Records contained in a dataset:

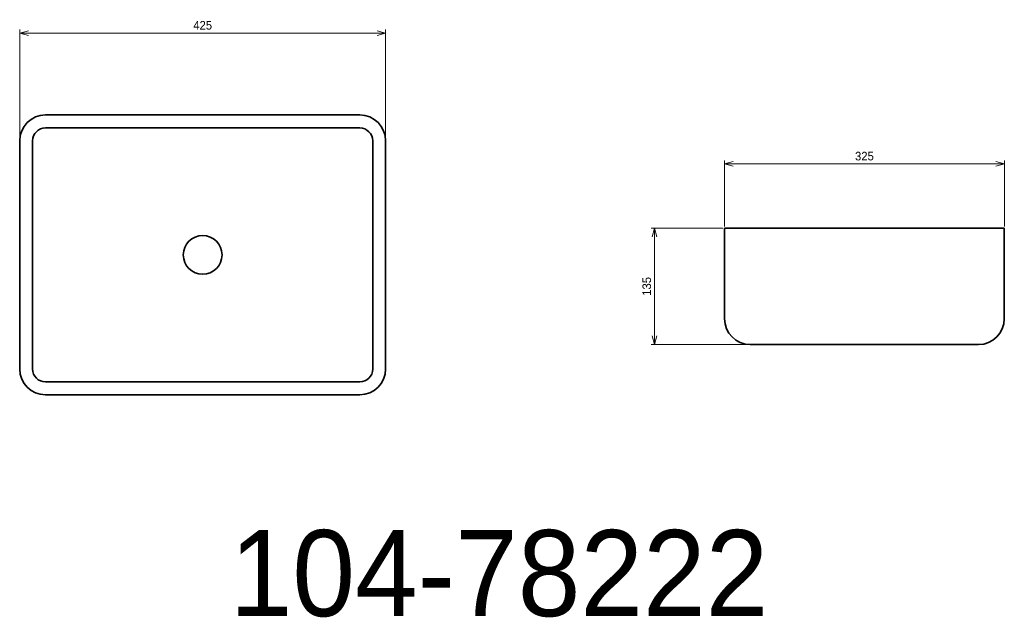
# Model space of a CAD drawing. Header units: millimetres. Extents: x 886 to 2030, y 192 to 887.
import ezdxf

# ---------------------------------------------------------------- set-up
doc = ezdxf.new("R2010")
doc.units = ezdxf.units.MM
doc.header["$LTSCALE"] = 0.3
for name, color, linetype, lineweight in [('実線', 3, 'Continuous', 35), ('寸法', 2, 'Continuous', 18), ('寸法 @ 4', 2, 'Continuous', 18), ('細線', 7, 'Continuous', 18)]:
    doc.layers.add(name, color=color, linetype=linetype, lineweight=lineweight)
doc.styles.add('MS Pゴシック', font='txt')
doc.styles.get("Standard").update_dxf_attribs({"font": 'txt.shx', "bigfont": 'bigfont.shx'})
doc.dimstyles.new('MyDim S＝1：4', dxfattribs={"dimtxt": 2.5, "dimasz": 2.5, "dimexe": 1, "dimexo": 0.5, "dimgap": 1, "dimtad": 3, "dimdsep": 46, "dimtxsty": 'MS Pゴシック', "dimblk": 'OPEN30', "dimcen": 0, "dimclrd": 256, "dimclre": 256, "dimclrt": 256, "dimazin": 2, "dimtfac": 1, "dimtmove": 0, "dimatfit": 3, "dimldrblk": 'OPEN30', "dimfxl": 1, "dimlwd": 18, "dimlwe": 18, "dimarcsym": 0})

# ---------------------------------------------------------------- blocks, each defined once
blk = doc.blocks.new('_Open30')
at = {"color": 0, "lineweight": -2}
for p, q in [((-1, 0.27), (0, 0)), ((0, 0), (-1, -0.27)), ((0, 0), (-1, 0))]:
    blk.add_line(p, q, dxfattribs=at)
blk = doc.blocks.new('*D10')
at = {"layer": 'Defpoints', "color": 0, "transparency": 16777216}
for p in [(1311.5, 871.9), (886.5, 746.8), (1311.5, 746.8)]:
    blk.add_point(p, dxfattribs=at)
at = {"layer": '寸法', "lineweight": 18, "transparency": 16777216}
for p, q in [((886.5, 748.8), (886.5, 875.9)), ((896.5, 871.9), (1301.5, 871.9)), ((1311.5, 748.8), (1311.5, 875.9))]:
    blk.add_line(p, q, dxfattribs=at)
at = {"layer": '寸法', "lineweight": 18, "transparency": 16777216, "xscale": 10, "yscale": 10, "zscale": 10, "rotation": 180}
blk.add_blockref('_Open30', (886.5, 871.9), dxfattribs=at)
at = {"layer": '寸法', "lineweight": 18, "transparency": 16777216, "xscale": 10, "yscale": 10, "zscale": 10}
blk.add_blockref('_Open30', (1311.5, 871.9), dxfattribs=at)
at = {"layer": '寸法', "transparency": 16777216, "insert": (1099, 880.9), "char_height": 10, "attachment_point": 5, "style": 'MS Pゴシック'}
blk.add_mtext('425', dxfattribs=at)
blk = doc.blocks.new('*D11')
at = {"layer": 'Defpoints', "color": 0, "transparency": 16777216}
for p in [(1705.1, 645.3), (1623.8, 510.3), (1735.1, 510.3)]:
    blk.add_point(p, dxfattribs=at)
at = {"layer": '寸法', "lineweight": 18, "transparency": 16777216}
for p, q in [((1703.1, 645.3), (1619.8, 645.3)), ((1623.8, 635.3), (1623.8, 520.3)), ((1733.1, 510.3), (1619.8, 510.3))]:
    blk.add_line(p, q, dxfattribs=at)
at = {"layer": '寸法', "lineweight": 18, "transparency": 16777216, "xscale": 10, "yscale": 10, "zscale": 10}
for p, rotation in [((1623.8, 645.3), 90), ((1623.8, 510.3), 270)]:
    blk.add_blockref('_Open30', p, dxfattribs=dict(at, rotation=rotation))
at = {"layer": '寸法', "transparency": 16777216, "insert": (1614.8, 577.8), "char_height": 10, "attachment_point": 5, "rotation": 90, "style": 'MS Pゴシック'}
blk.add_mtext('135', dxfattribs=at)
blk = doc.blocks.new('*D12')
at = {"layer": 'Defpoints', "color": 0, "transparency": 16777216}
for p in [(2030.1, 720), (1705.1, 645.3), (2030.1, 645.3)]:
    blk.add_point(p, dxfattribs=at)
at = {"layer": '寸法', "lineweight": 18, "transparency": 16777216}
for p, q in [((1705.1, 647.3), (1705.1, 724)), ((2030.1, 647.3), (2030.1, 724)), ((1715.1, 720), (2020.1, 720))]:
    blk.add_line(p, q, dxfattribs=at)
at = {"layer": '寸法', "lineweight": 18, "transparency": 16777216, "xscale": 10, "yscale": 10, "zscale": 10, "rotation": 180}
blk.add_blockref('_Open30', (1705.1, 720), dxfattribs=at)
at = {"layer": '寸法', "lineweight": 18, "transparency": 16777216, "xscale": 10, "yscale": 10, "zscale": 10}
blk.add_blockref('_Open30', (2030.1, 720), dxfattribs=at)
at = {"layer": '寸法', "transparency": 16777216, "insert": (1867.6, 729), "char_height": 10, "attachment_point": 5, "style": 'MS Pゴシック'}
blk.add_mtext('325', dxfattribs=at)

msp = doc.modelspace()

# ---------------------------------------------------------------- linework, layer by layer
at = {"layer": '実線'}
for p, q in [((1705.063, 645.25), (1705.063, 540.25)), ((2030.063, 645.25), (1705.063, 645.25)), ((2030.063, 540.25), (2030.063, 645.25)), ((1735.063, 510.25), (2000.063, 510.25))]:
    msp.add_line(p, q, dxfattribs=at)
for points in [[(916.456, 451.84), (1281.456, 451.84, 0.41421356), (1311.456, 481.84), (1311.456, 746.84, 0.41421356), (1281.456, 776.84), (916.456, 776.84, 0.41421356), (886.456, 746.84), (886.456, 481.84, 0.41421356)], [(916.456, 466.84), (1281.456, 466.84, 0.41421356), (1296.456, 481.84), (1296.456, 746.84, 0.41421356), (1281.456, 761.84), (916.456, 761.84, 0.41421356), (901.456, 746.84), (901.456, 481.84, 0.41421356)]]:
    msp.add_lwpolyline(points, format="xyb", close=True, dxfattribs=at)
msp.add_circle((1098.956, 614.34), 22.5, dxfattribs=at)
for centre, start, end in [((1735.063, 540.25), 180, 270), ((2000.063, 540.25), 270, 0)]:
    msp.add_arc(centre, 30, start, end, dxfattribs=at)

# ---------------------------------------------------------------- texts
at = {"layer": '細線', "insert": (1443.201, 244.122), "char_height": 100, "width": 1365.42328, "attachment_point": 5}
msp.add_mtext('{\\fMS PMincho|b0|i0|c128|p18;104-78222}', dxfattribs=at)

# ---------------------------------------------------------------- dimensions: what is measured, and where the dimension line sits
at = {"layer": '寸法 @ 4'}
for base, p1, p2, picture, middle in [((1311.456, 871.908), (886.456, 746.84), (1311.456, 746.84), '*D10', (1098.956, 880.908)), ((2030.063, 719.988), (1705.063, 645.25), (2030.063, 645.25), '*D12', (1867.563, 728.988))]:
    dim = msp.add_linear_dim(base=base, p1=p1, p2=p2, dimstyle='MyDim S＝1：4', override={"dimscale": 4, "dimtix": 0, "dimtofl": 1, "dimtmove": 0, "dimatfit": 3}, dxfattribs=at)
    dim.commit()
    dim.dimension.update_dxf_attribs({"geometry": picture, "text_midpoint": middle})
dim = msp.add_linear_dim(base=(1623.833, 510.25), p1=(1705.063, 645.25), p2=(1735.063, 510.25), angle=90, dimstyle='MyDim S＝1：4', override={"dimscale": 4, "dimtix": 0, "dimtofl": 1, "dimtmove": 0, "dimatfit": 3}, dxfattribs=at)
dim.commit()
dim.dimension.update_dxf_attribs({"geometry": '*D11', "text_midpoint": (1614.833, 577.75)})

doc.saveas('drawing.dxf')

**Instructions for the task:** What is needed is every entry above, repeated exactly, with the pictures dropped.

**Answer box:**
# Model space of a CAD drawing. Header units: millimetres. Extents: x 886 to 2030, y 192 to 887.
import ezdxf

# ---------------------------------------------------------------- set-up
doc = ezdxf.new("R2010")
doc.units = ezdxf.units.MM
doc.header["$LTSCALE"] = 0.3
for name, color, linetype, lineweight in [('実線', 3, 'Continuous', 35), ('寸法', 2, 'Continuous', 18), ('寸法 @ 4', 2, 'Continuous', 18), ('細線', 7, 'Continuous', 18)]:
    doc.layers.add(name, color=color, linetype=linetype, lineweight=lineweight)
doc.styles.add('MS Pゴシック', font='txt')
doc.styles.get("Standard").update_dxf_attribs({"font": 'txt.shx', "bigfont": 'bigfont.shx'})
doc.dimstyles.new('MyDim S＝1：4', dxfattribs={"dimtxt": 2.5, "dimasz": 2.5, "dimexe": 1, "dimexo": 0.5, "dimgap": 1, "dimtad": 3, "dimdsep": 46, "dimtxsty": 'MS Pゴシック', "dimblk": 'OPEN30', "dimcen": 0, "dimclrd": 256, "dimclre": 256, "dimclrt": 256, "dimazin": 2, "dimtfac": 1, "dimtmove": 0, "dimatfit": 3, "dimldrblk": 'OPEN30', "dimfxl": 1, "dimlwd": 18, "dimlwe": 18, "dimarcsym": 0})

# ---------------------------------------------------------------- blocks, each defined once
blk = doc.blocks.new('_Open30')
at = {"color": 0, "lineweight": -2}
for p, q in [((-1, 0.27), (0, 0)), ((0, 0), (-1, -0.27)), ((0, 0), (-1, 0))]:
    blk.add_line(p, q, dxfattribs=at)
blk = doc.blocks.new('*D10')
at = {"layer": 'Defpoints', "color": 0, "transparency": 16777216}
for p in [(1311.5, 871.9), (886.5, 746.8), (1311.5, 746.8)]:
    blk.add_point(p, dxfattribs=at)
at = {"layer": '寸法', "lineweight": 18, "transparency": 16777216}
for p, q in [((886.5, 748.8), (886.5, 875.9)), ((896.5, 871.9), (1301.5, 871.9)), ((1311.5, 748.8), (1311.5, 875.9))]:
    blk.add_line(p, q, dxfattribs=at)
at = {"layer": '寸法', "lineweight": 18, "transparency": 16777216, "xscale": 10, "yscale": 10, "zscale": 10, "rotation": 180}
blk.add_blockref('_Open30', (886.5, 871.9), dxfattribs=at)
at = {"layer": '寸法', "lineweight": 18, "transparency": 16777216, "xscale": 10, "yscale": 10, "zscale": 10}
blk.add_blockref('_Open30', (1311.5, 871.9), dxfattribs=at)
at = {"layer": '寸法', "transparency": 16777216, "insert": (1099, 880.9), "char_height": 10, "attachment_point": 5, "style": 'MS Pゴシック'}
blk.add_mtext('425', dxfattribs=at)
blk = doc.blocks.new('*D11')
at = {"layer": 'Defpoints', "color": 0, "transparency": 16777216}
for p in [(1705.1, 645.3), (1623.8, 510.3), (1735.1, 510.3)]:
    blk.add_point(p, dxfattribs=at)
at = {"layer": '寸法', "lineweight": 18, "transparency": 16777216}
for p, q in [((1703.1, 645.3), (1619.8, 645.3)), ((1623.8, 635.3), (1623.8, 520.3)), ((1733.1, 510.3), (1619.8, 510.3))]:
    blk.add_line(p, q, dxfattribs=at)
at = {"layer": '寸法', "lineweight": 18, "transparency": 16777216, "xscale": 10, "yscale": 10, "zscale": 10}
for p, rotation in [((1623.8, 645.3), 90), ((1623.8, 510.3), 270)]:
    blk.add_blockref('_Open30', p, dxfattribs=dict(at, rotation=rotation))
at = {"layer": '寸法', "transparency": 16777216, "insert": (1614.8, 577.8), "char_height": 10, "attachment_point": 5, "rotation": 90, "style": 'MS Pゴシック'}
blk.add_mtext('135', dxfattribs=at)
blk = doc.blocks.new('*D12')
at = {"layer": 'Defpoints', "color": 0, "transparency": 16777216}
for p in [(2030.1, 720), (1705.1, 645.3), (2030.1, 645.3)]:
    blk.add_point(p, dxfattribs=at)
at = {"layer": '寸法', "lineweight": 18, "transparency": 16777216}
for p, q in [((1705.1, 647.3), (1705.1, 724)), ((2030.1, 647.3), (2030.1, 724)), ((1715.1, 720), (2020.1, 720))]:
    blk.add_line(p, q, dxfattribs=at)
at = {"layer": '寸法', "lineweight": 18, "transparency": 16777216, "xscale": 10, "yscale": 10, "zscale": 10, "rotation": 180}
blk.add_blockref('_Open30', (1705.1, 720), dxfattribs=at)
at = {"layer": '寸法', "lineweight": 18, "transparency": 16777216, "xscale": 10, "yscale": 10, "zscale": 10}
blk.add_blockref('_Open30', (2030.1, 720), dxfattribs=at)
at = {"layer": '寸法', "transparency": 16777216, "insert": (1867.6, 729), "char_height": 10, "attachment_point": 5, "style": 'MS Pゴシック'}
blk.add_mtext('325', dxfattribs=at)

msp = doc.modelspace()

# ---------------------------------------------------------------- linework, layer by layer
at = {"layer": '実線'}
for p, q in [((1705.063, 645.25), (1705.063, 540.25)), ((2030.063, 645.25), (1705.063, 645.25)), ((2030.063, 540.25), (2030.063, 645.25)), ((1735.063, 510.25), (2000.063, 510.25))]:
    msp.add_line(p, q, dxfattribs=at)
for points in [[(916.456, 451.84), (1281.456, 451.84, 0.41421356), (1311.456, 481.84), (1311.456, 746.84, 0.41421356), (1281.456, 776.84), (916.456, 776.84, 0.41421356), (886.456, 746.84), (886.456, 481.84, 0.41421356)], [(916.456, 466.84), (1281.456, 466.84, 0.41421356), (1296.456, 481.84), (1296.456, 746.84, 0.41421356), (1281.456, 761.84), (916.456, 761.84, 0.41421356), (901.456, 746.84), (901.456, 481.84, 0.41421356)]]:
    msp.add_lwpolyline(points, format="xyb", close=True, dxfattribs=at)
msp.add_circle((1098.956, 614.34), 22.5, dxfattribs=at)
for centre, start, end in [((1735.063, 540.25), 180, 270), ((2000.063, 540.25), 270, 0)]:
    msp.add_arc(centre, 30, start, end, dxfattribs=at)

# ---------------------------------------------------------------- texts
at = {"layer": '細線', "insert": (1443.201, 244.122), "char_height": 100, "width": 1365.42328, "attachment_point": 5}
msp.add_mtext('{\\fMS PMincho|b0|i0|c128|p18;104-78222}', dxfattribs=at)

# ---------------------------------------------------------------- dimensions: what is measured, and where the dimension line sits
at = {"layer": '寸法 @ 4'}
for base, p1, p2, picture, middle in [((1311.456, 871.908), (886.456, 746.84), (1311.456, 746.84), '*D10', (1098.956, 880.908)), ((2030.063, 719.988), (1705.063, 645.25), (2030.063, 645.25), '*D12', (1867.563, 728.988))]:
    dim = msp.add_linear_dim(base=base, p1=p1, p2=p2, dimstyle='MyDim S＝1：4', override={"dimscale": 4, "dimtix": 0, "dimtofl": 1, "dimtmove": 0, "dimatfit": 3}, dxfattribs=at)
    dim.commit()
    dim.dimension.update_dxf_attribs({"geometry": picture, "text_midpoint": middle})
dim = msp.add_linear_dim(base=(1623.833, 510.25), p1=(1705.063, 645.25), p2=(1735.063, 510.25), angle=90, dimstyle='MyDim S＝1：4', override={"dimscale": 4, "dimtix": 0, "dimtofl": 1, "dimtmove": 0, "dimatfit": 3}, dxfattribs=at)
dim.commit()
dim.dimension.update_dxf_attribs({"geometry": '*D11', "text_midpoint": (1614.833, 577.75)})

doc.saveas('drawing.dxf')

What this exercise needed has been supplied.